Any of these listed suites can be selected to be run by itself using the
--suite option as shown above. Examples are handled differently.
Similarly to test suites, one can run a single C++ example program
using the --example option. Note that the relative path for the
example does not need to be included and that the executables built
for C++ examples do not have extensions. Furthermore, the example
must be registered as an example to the test framework; it is not
sufficient to create an example and run it through test.py; it must
be added to the relevant examples-to-run.py file, explained below.
Entering
$ ./test.py --example=udp-echo
results in that single example being run.
PASS: Example examples/udp/udp-echo
You can specify the directory where ns-3 was built using the
--buildpath option as follows.
$ ./test.py --buildpath=/home/craigdo/repos/ns-3-allinone-test/ns-3-dev/build/debug --example=wifi-simple-adhoc
One can run a single Python example program using the --pyexample
option. Note that the relative path for the example must be included
and that Python examples do need their extensions. Entering
$ ./test.py --pyexample=examples/tutorial/first.py
results in that single example being run.
PASS: Example examples/tutorial/first.py
Because Python examples are not built, you do not need to specify the
directory where ns-3 was built to run them.
Normally when example programs are executed, they write a large amount of trace
file data. This is normally saved to the base directory of the distribution
(e.g., /home/user/ns-3-dev). When test.py runs an example, it really
is completely unconcerned with the trace files. It just wants to to determine
if the example can be built and run without error. Since this is the case, the
trace files are written into a /tmp/unchecked-traces directory. If you
run the above example, you should be able to find the associated
udp-echo.tr and udp-echo-n-1.pcap files there.

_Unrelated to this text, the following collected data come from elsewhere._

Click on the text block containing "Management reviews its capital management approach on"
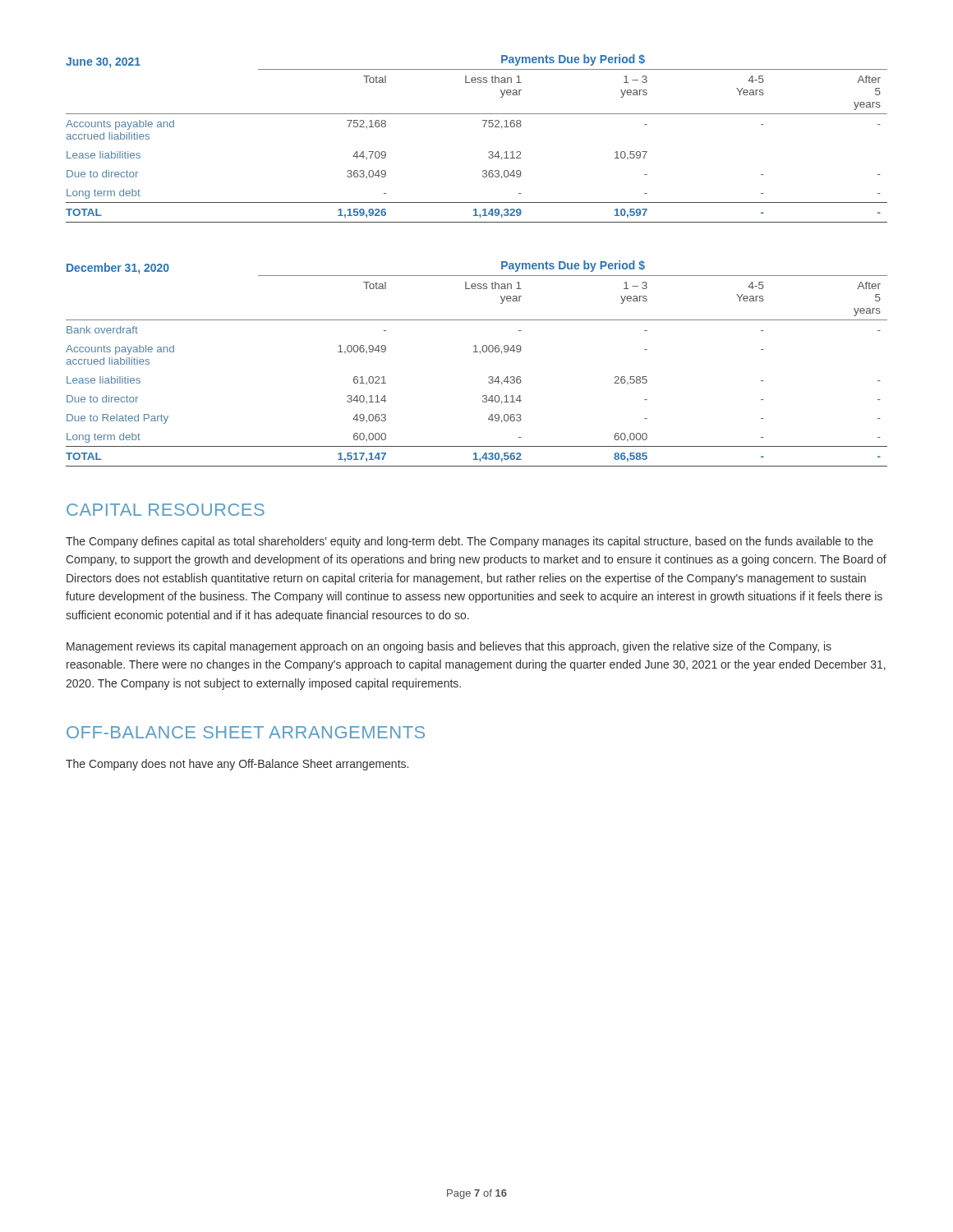This screenshot has height=1232, width=953. [x=476, y=665]
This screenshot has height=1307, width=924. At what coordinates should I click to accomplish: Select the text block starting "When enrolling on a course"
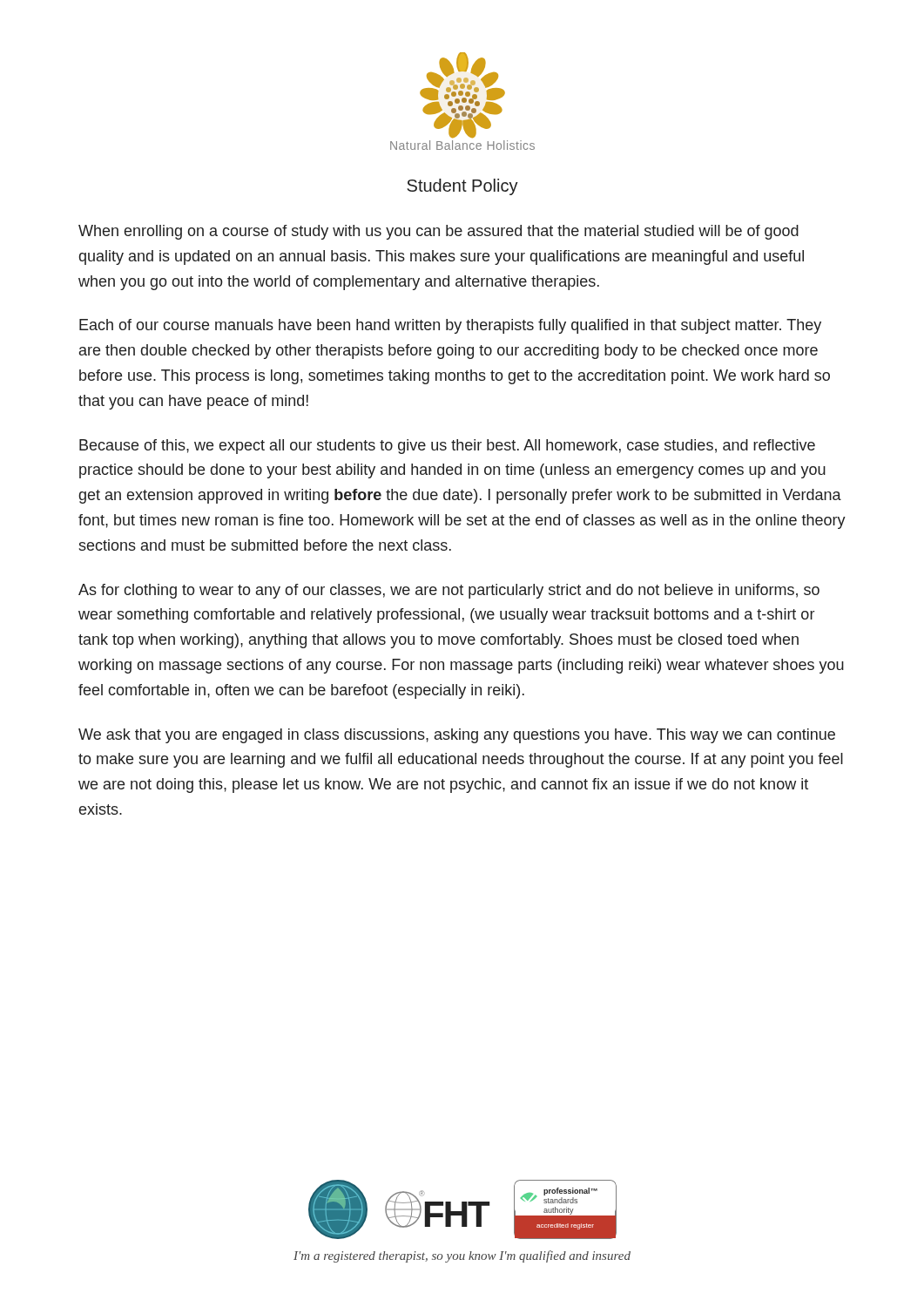(x=442, y=256)
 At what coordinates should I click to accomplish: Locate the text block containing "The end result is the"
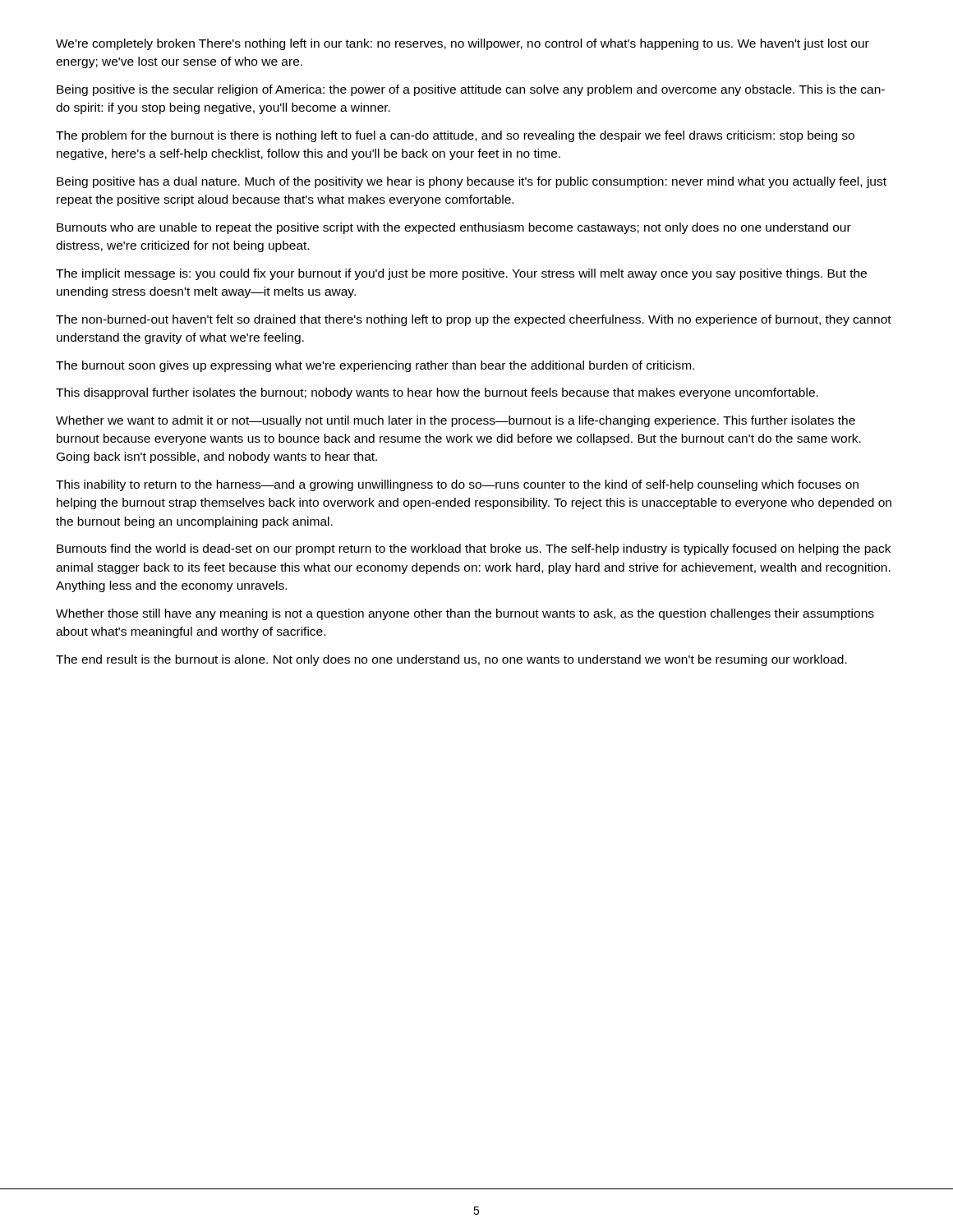[x=452, y=659]

The list of available examples is defined by the contents of the ‘’examples’’
directory in the distribution. If you select an example for execution using
the --example option, test.py will not make any attempt to decide
if the example has been configured or not, it will just try to run it and
report the result of the attempt.
When test.py runs, by default it will first ensure that the system has
been completely built. This can be defeated by selecting the --nowaf
option.
$ ./test.py --list --nowaf
will result in a list of the currently built test suites being displayed, similar to:
propagation-loss-model
ns3-tcp-cwnd
ns3-tcp-interoperability
pcap-file
object-name-service
random-variable-stream-generators
Note the absence of the Waf build messages.
test.py also supports running the test suites and examples under valgrind.

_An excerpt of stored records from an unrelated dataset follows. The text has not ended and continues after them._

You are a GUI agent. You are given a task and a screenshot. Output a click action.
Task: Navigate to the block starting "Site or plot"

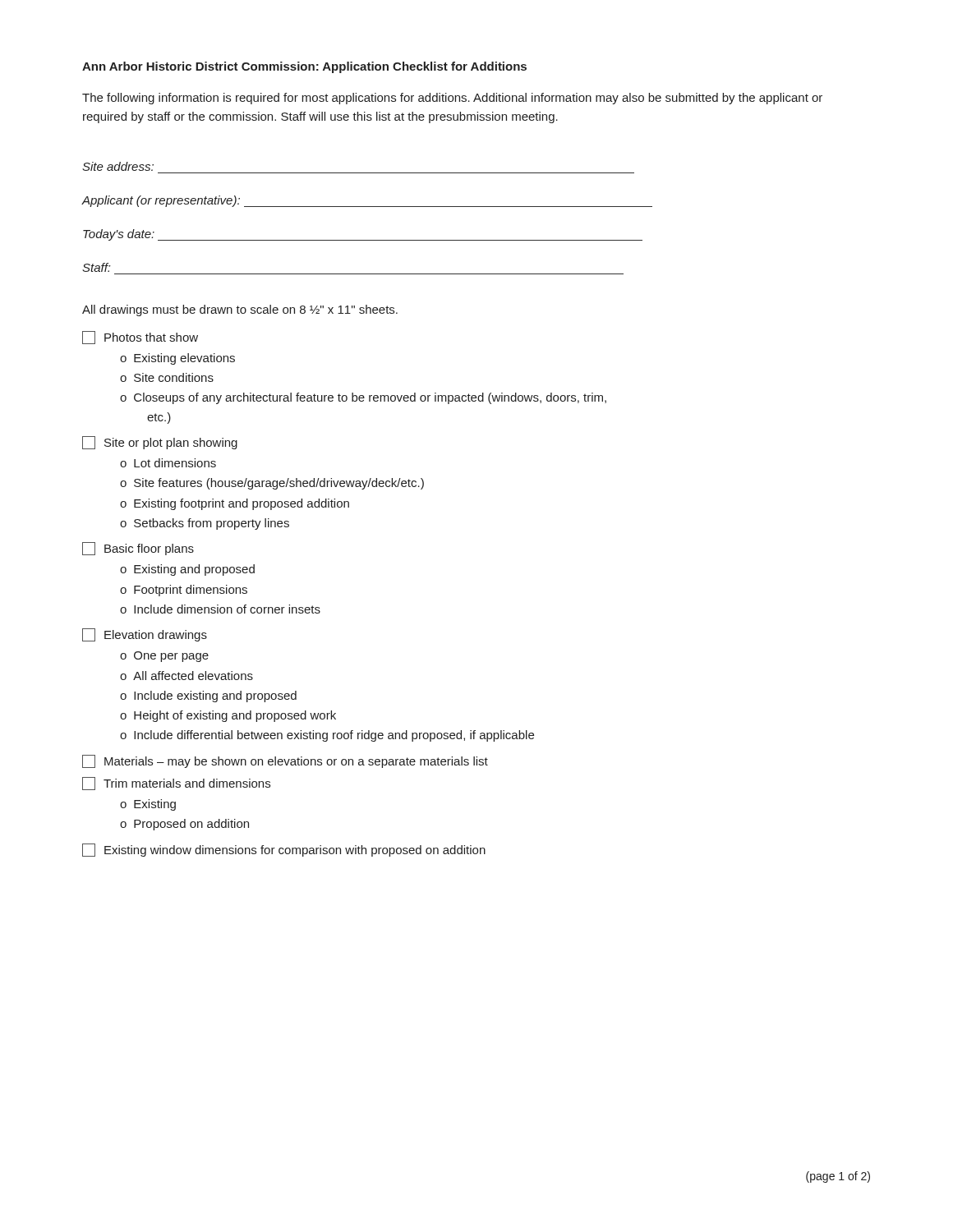pyautogui.click(x=253, y=484)
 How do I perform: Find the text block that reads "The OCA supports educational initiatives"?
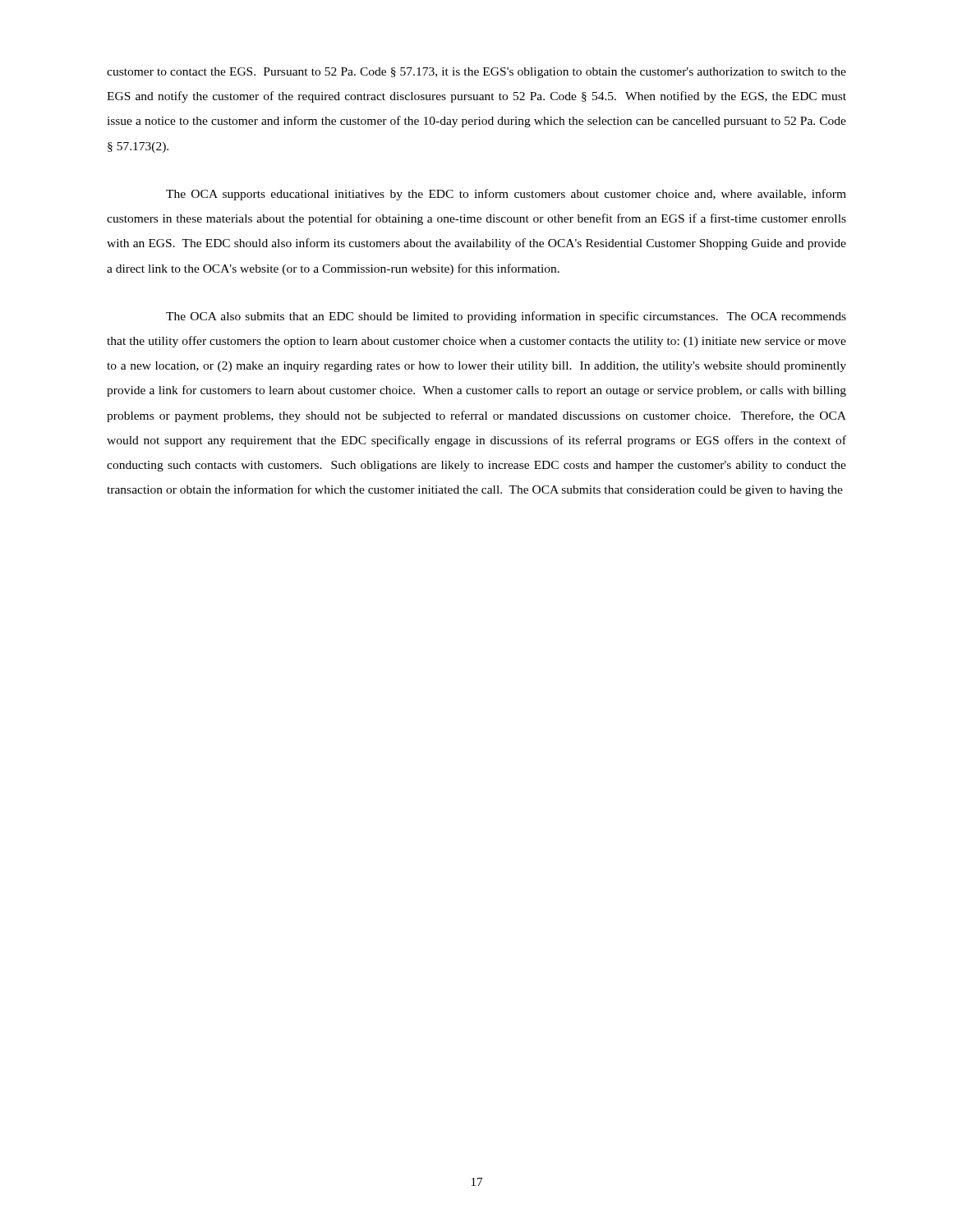pos(476,231)
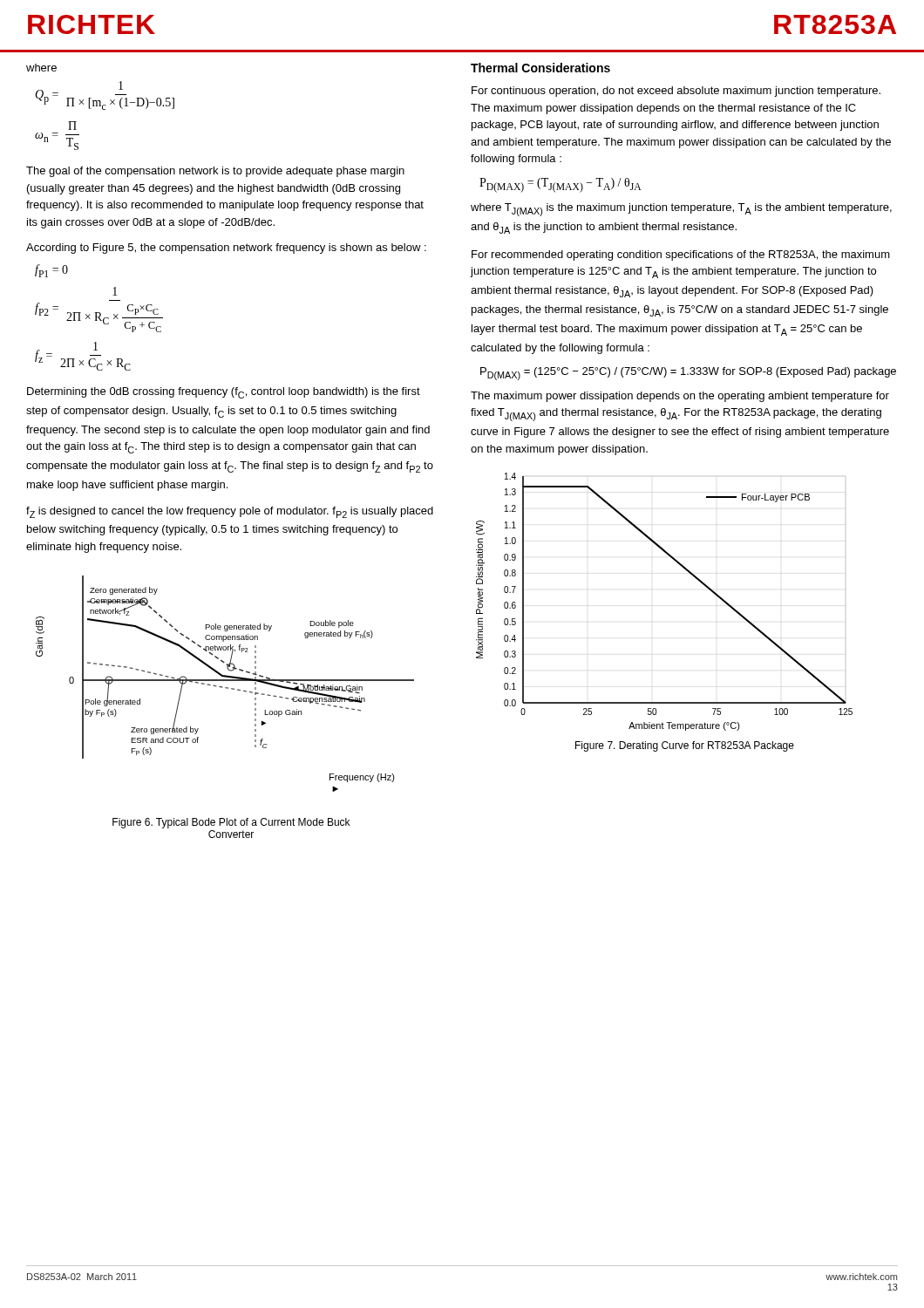
Task: Navigate to the passage starting "ωn = Π"
Action: 58,136

Valgrind is a flexible program for debugging and profiling Linux executables. By
default, valgrind runs a tool called memcheck, which performs a range of memory-
checking functions, including detecting accesses to uninitialised memory, misuse
of allocated memory (double frees, access after free, etc.) and detecting memory
leaks. This can be selected by using the --grind option.
As it runs, test.py and the programs that it runs indirectly, generate large
numbers of temporary files. Usually, the content of these files is not interesting,
however in some cases it can be useful (for debugging purposes) to view these files.
test.py provides a --retain option which will cause these temporary
files to be kept after the run is completed. The files are saved in a directory
named testpy-output under a subdirectory named according to the current Coordinated
Universal Time (also known as Greenwich Mean Time).
Finally, test.py provides a --verbose option which will print
large amounts of information about its progress. It is not expected that this
will be terribly useful unless there is an error. In this case, you can get
access to the standard output and standard error reported by running test suites
and examples. Select verbose in the following way:
All of these options can be mixed and matched. For example, to run all of the
ns-3 core test suites under valgrind, in verbose mode, while generating an HTML
output file, one would do:
$ ./test.py --verbose --grind --constrain=core --html=results.html
TestTaxonomy
As mentioned above, tests are grouped into a number of broadly defined
classifications to allow users to selectively run tests to address the different
kinds of testing that need to be done.
- Build Verification Tests
- Unit Tests
- System Tests
- Examples
- Performance Tests
Moreover, each test is further classified according to the expected time needed to
run it. Tests are classified as:
- QUICK
- EXTENSIVE
- TAKES_FOREVER
Note that specifying EXTENSIVE fullness will also run tests in QUICK category.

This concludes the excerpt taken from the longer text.